__EXERCISE DIRECTIONS__
Retype the entries exactly; omit all pictures.

__MATERIAL FOR THE TASK__
Start of Block
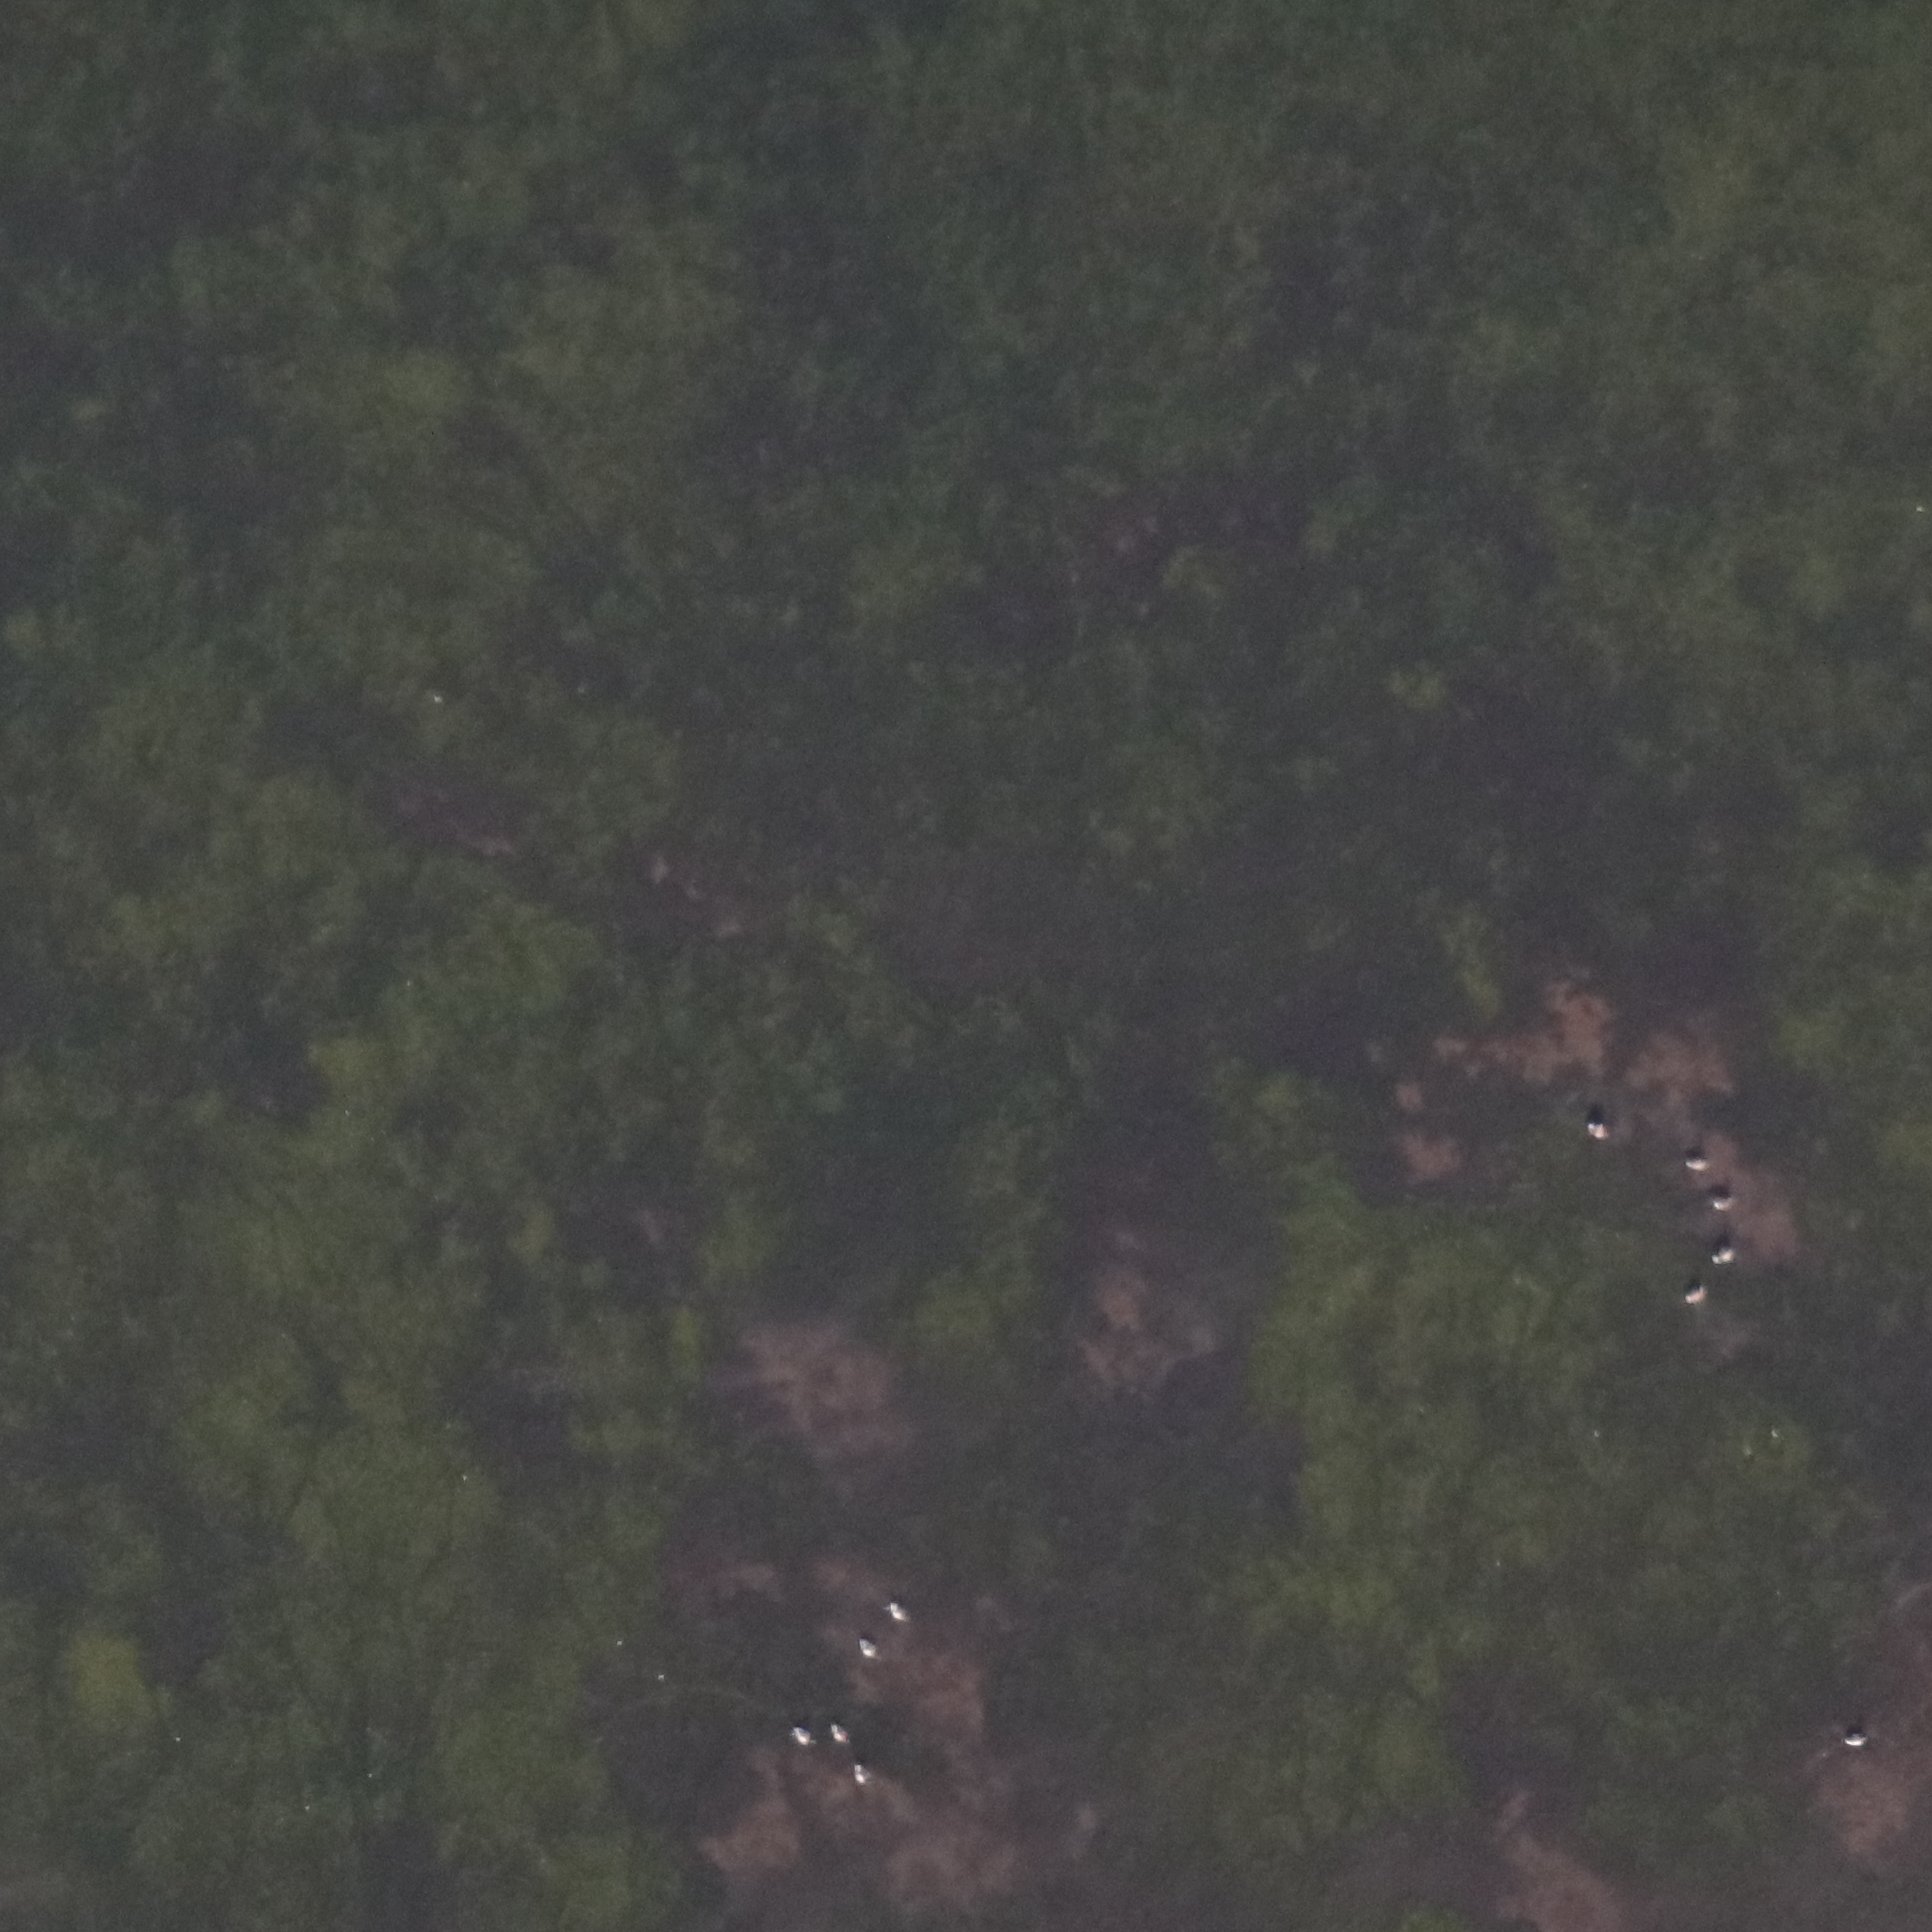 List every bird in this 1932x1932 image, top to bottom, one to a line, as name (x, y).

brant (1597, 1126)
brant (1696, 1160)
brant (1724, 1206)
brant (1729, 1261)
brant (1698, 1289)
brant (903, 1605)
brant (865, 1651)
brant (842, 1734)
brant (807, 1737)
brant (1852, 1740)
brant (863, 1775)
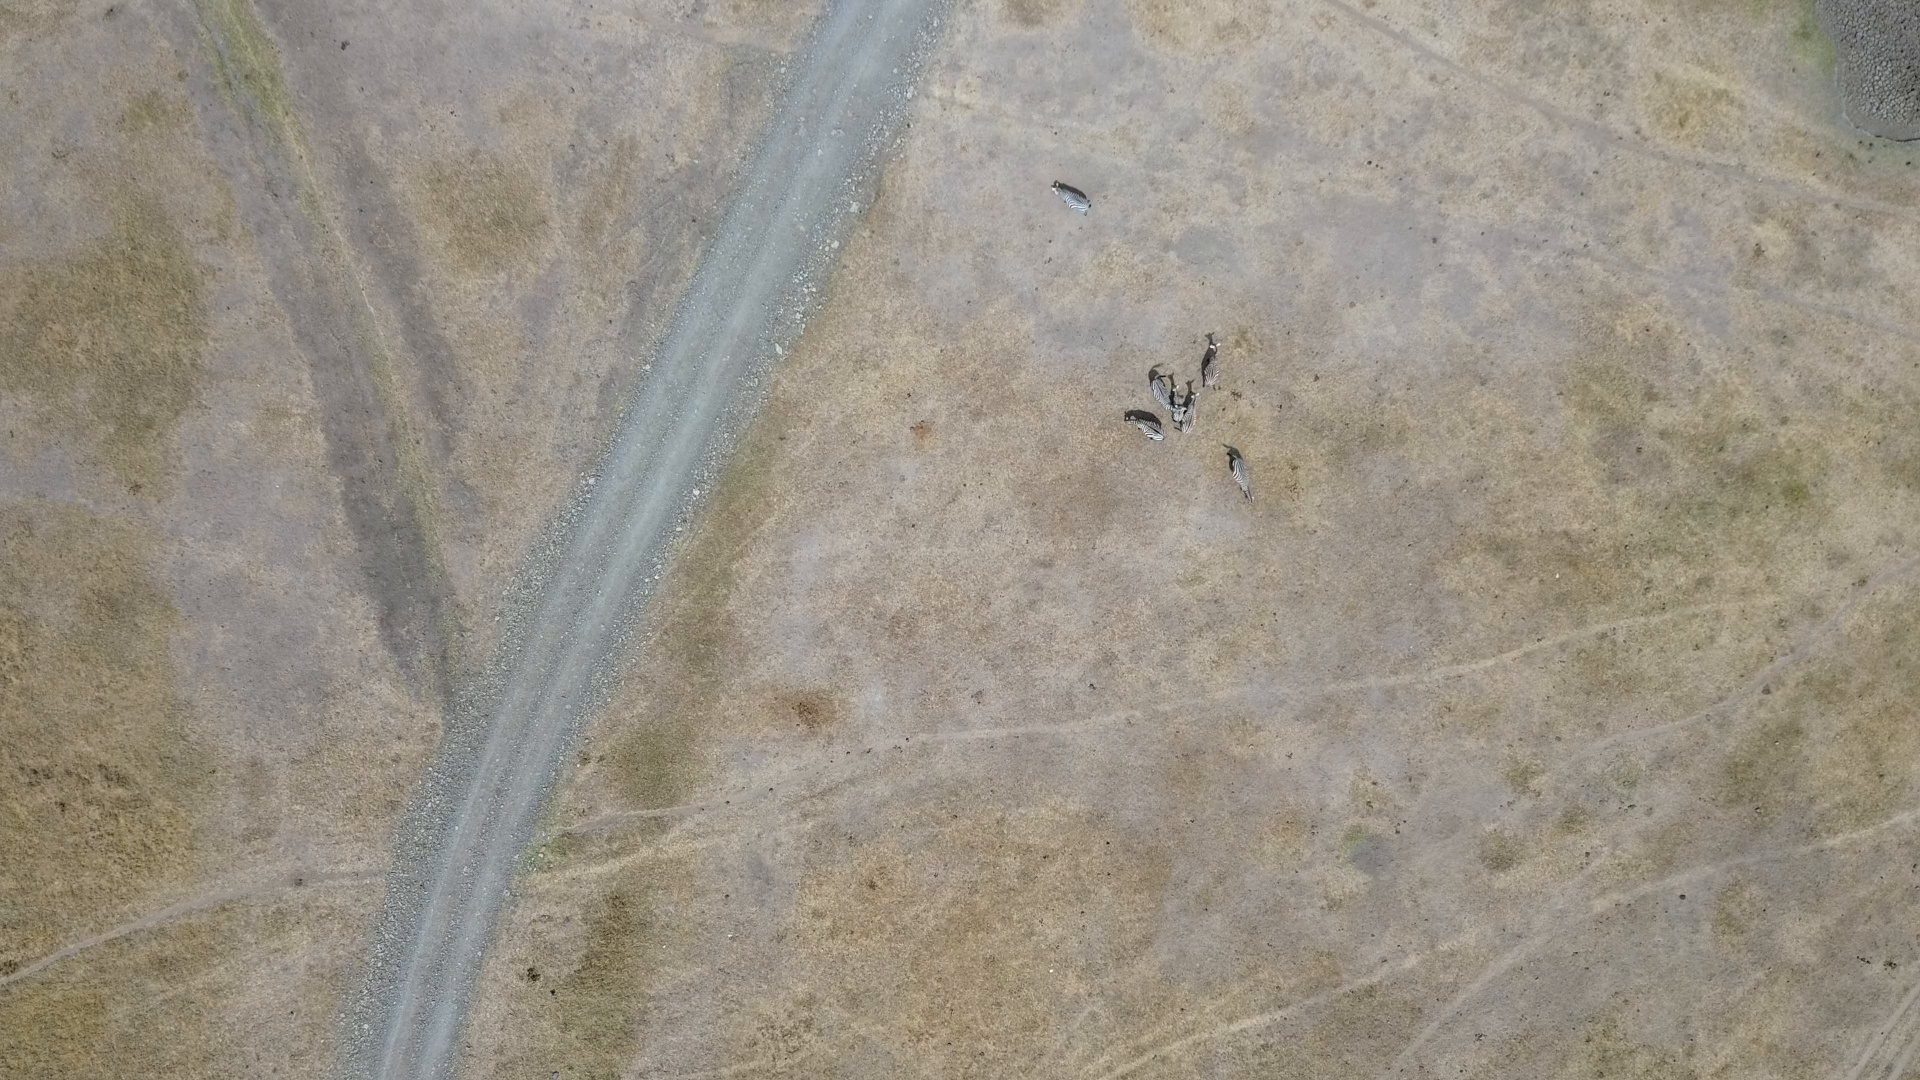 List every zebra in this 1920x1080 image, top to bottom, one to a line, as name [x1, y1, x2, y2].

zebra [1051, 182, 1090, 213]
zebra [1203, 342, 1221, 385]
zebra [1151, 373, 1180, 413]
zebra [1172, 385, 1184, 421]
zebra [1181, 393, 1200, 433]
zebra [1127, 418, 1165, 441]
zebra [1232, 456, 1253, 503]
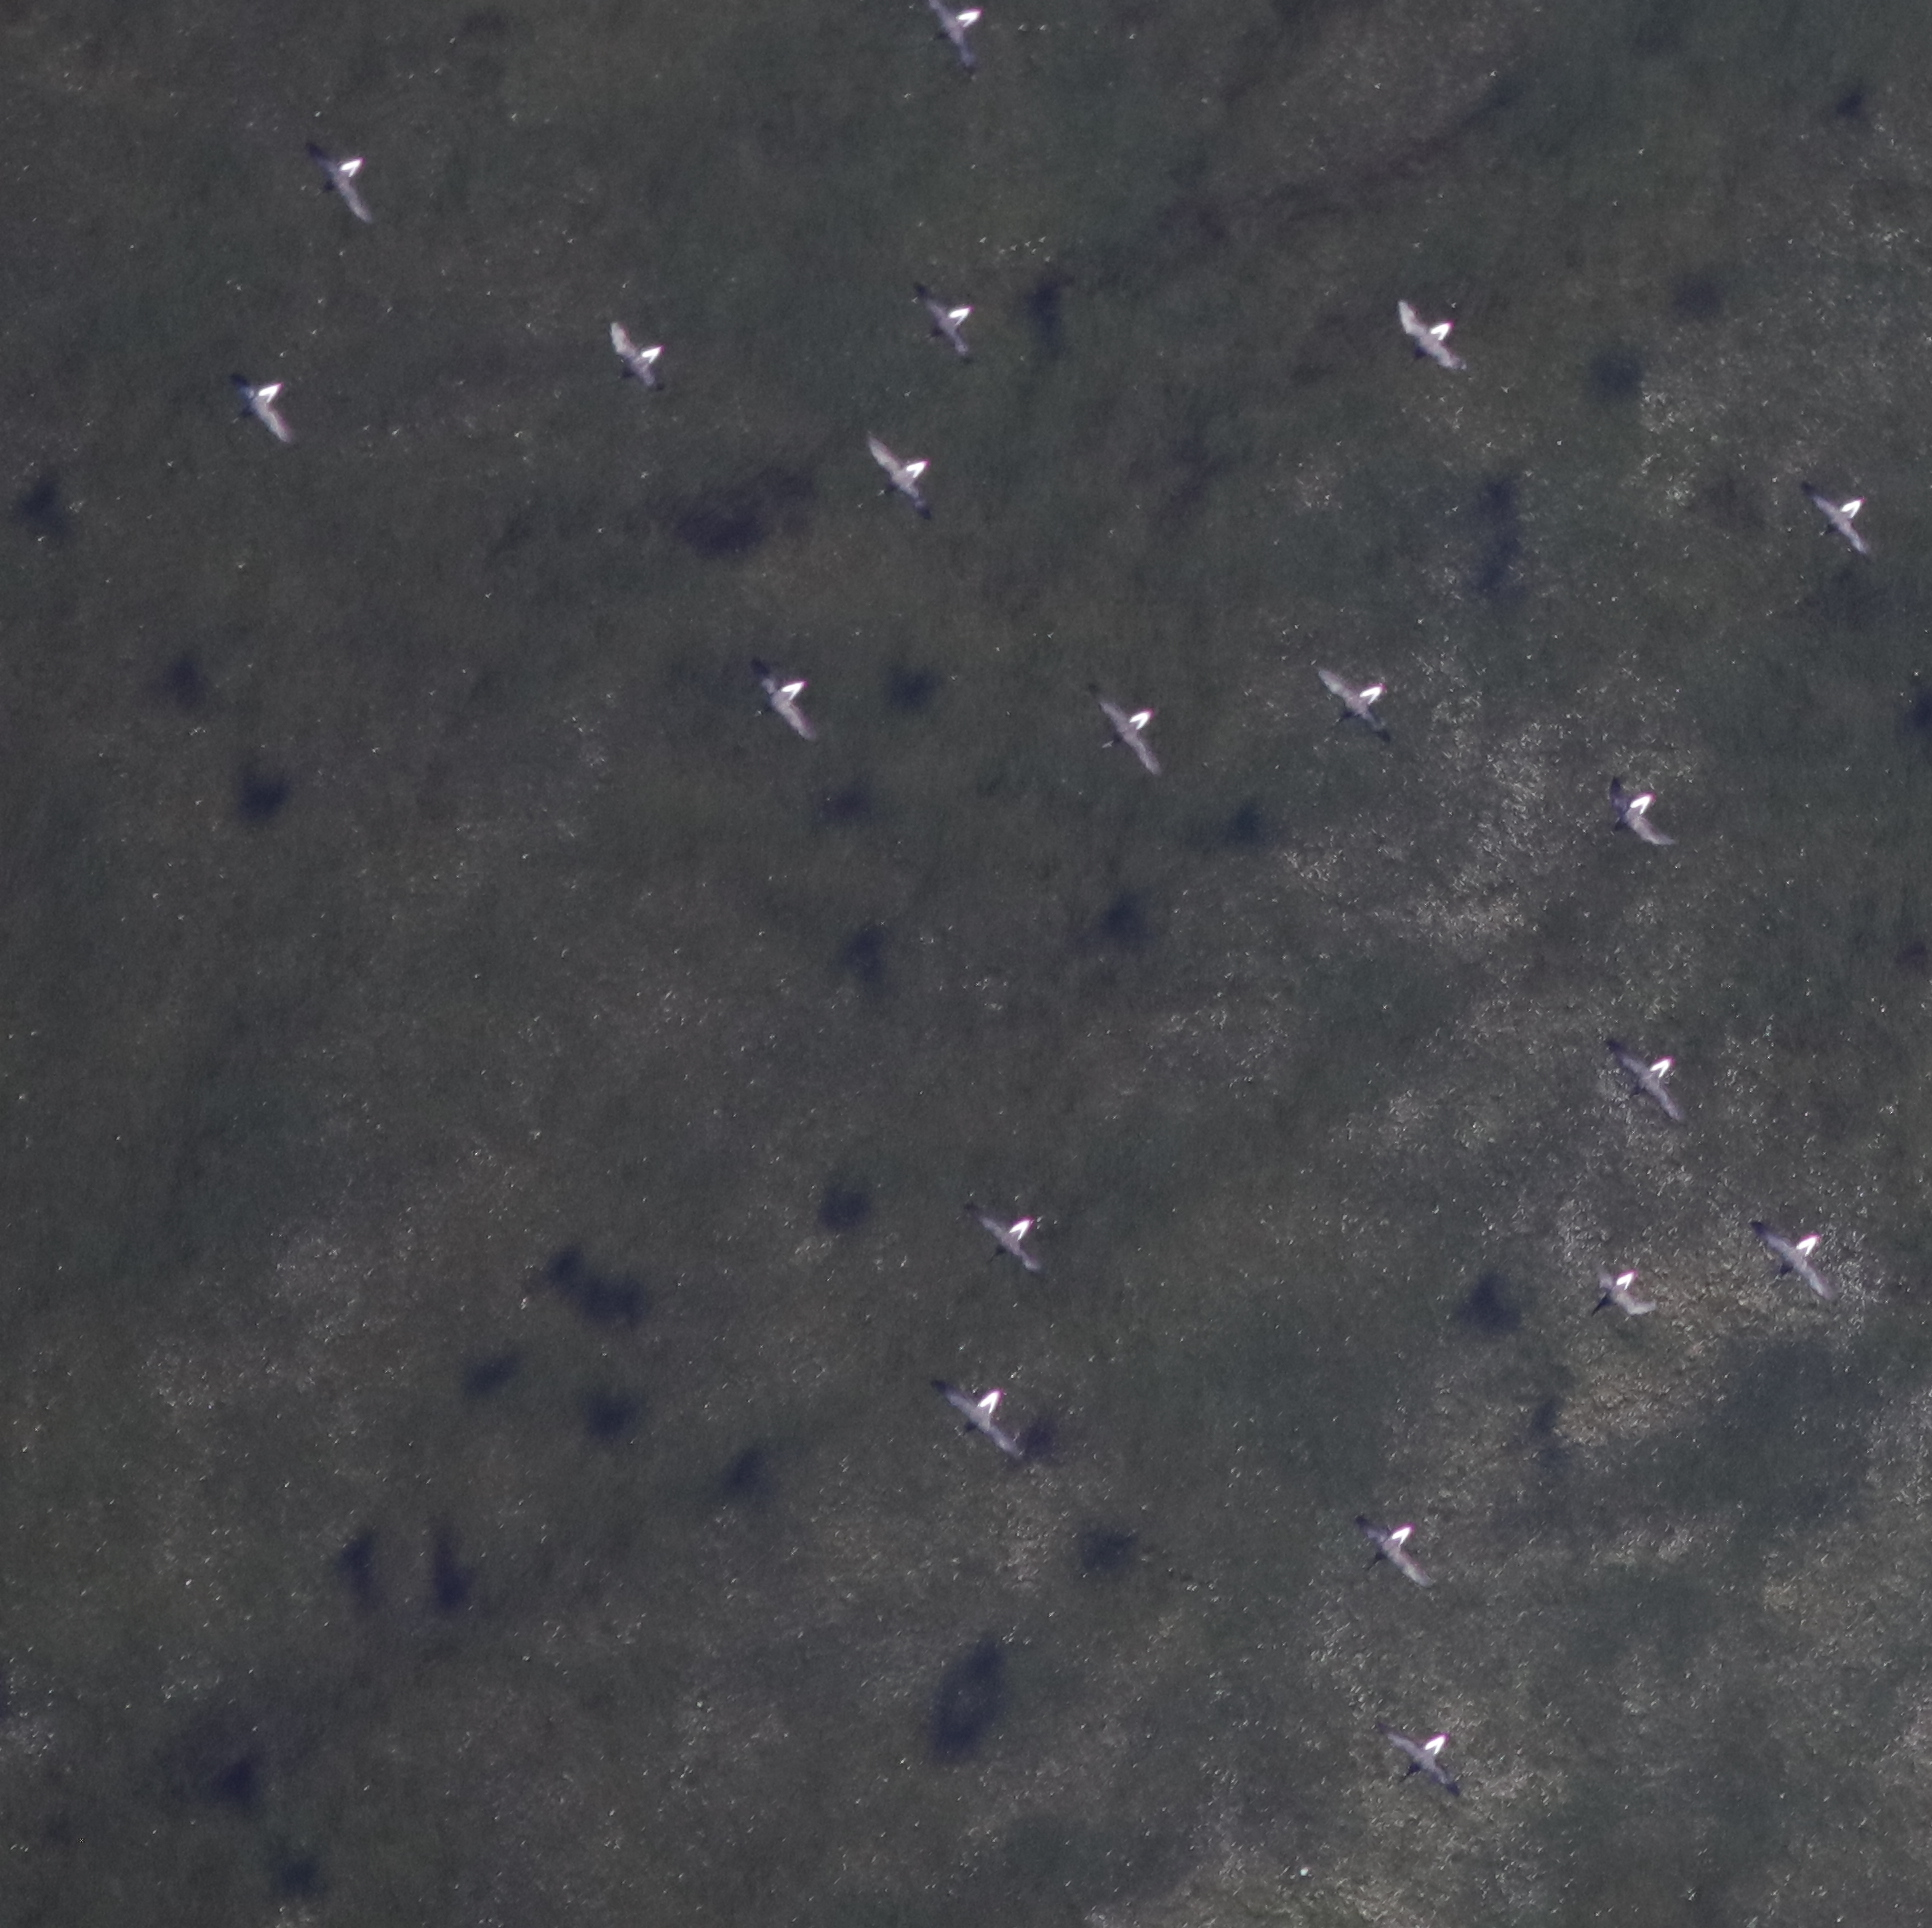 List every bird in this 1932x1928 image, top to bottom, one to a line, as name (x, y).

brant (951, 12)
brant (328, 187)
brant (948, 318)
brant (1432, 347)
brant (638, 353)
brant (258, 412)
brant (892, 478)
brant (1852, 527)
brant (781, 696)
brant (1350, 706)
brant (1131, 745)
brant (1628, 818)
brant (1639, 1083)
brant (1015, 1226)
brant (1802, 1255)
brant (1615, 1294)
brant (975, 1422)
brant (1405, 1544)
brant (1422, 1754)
End of Block
__SOLUTION FOR THIS PROBLEM__
 List every bird in this 1932x1932 image, top to bottom, one to a line, as name (x, y).

brant (1597, 1126)
brant (1696, 1160)
brant (1724, 1206)
brant (1729, 1261)
brant (1698, 1289)
brant (903, 1605)
brant (865, 1651)
brant (842, 1734)
brant (807, 1737)
brant (1852, 1740)
brant (863, 1775)
 List every zebra in this 1920x1080 image, top to bottom, one to a line, as name [x1, y1, x2, y2].

zebra [1051, 182, 1090, 213]
zebra [1203, 342, 1221, 385]
zebra [1151, 373, 1180, 413]
zebra [1172, 385, 1184, 421]
zebra [1181, 393, 1200, 433]
zebra [1127, 418, 1165, 441]
zebra [1232, 456, 1253, 503]
 List every bird in this 1932x1928 image, top to bottom, one to a line, as name (x, y).

brant (951, 12)
brant (328, 187)
brant (948, 318)
brant (1432, 347)
brant (638, 353)
brant (258, 412)
brant (892, 478)
brant (1852, 527)
brant (781, 696)
brant (1350, 706)
brant (1131, 745)
brant (1628, 818)
brant (1639, 1083)
brant (1015, 1226)
brant (1802, 1255)
brant (1615, 1294)
brant (975, 1422)
brant (1405, 1544)
brant (1422, 1754)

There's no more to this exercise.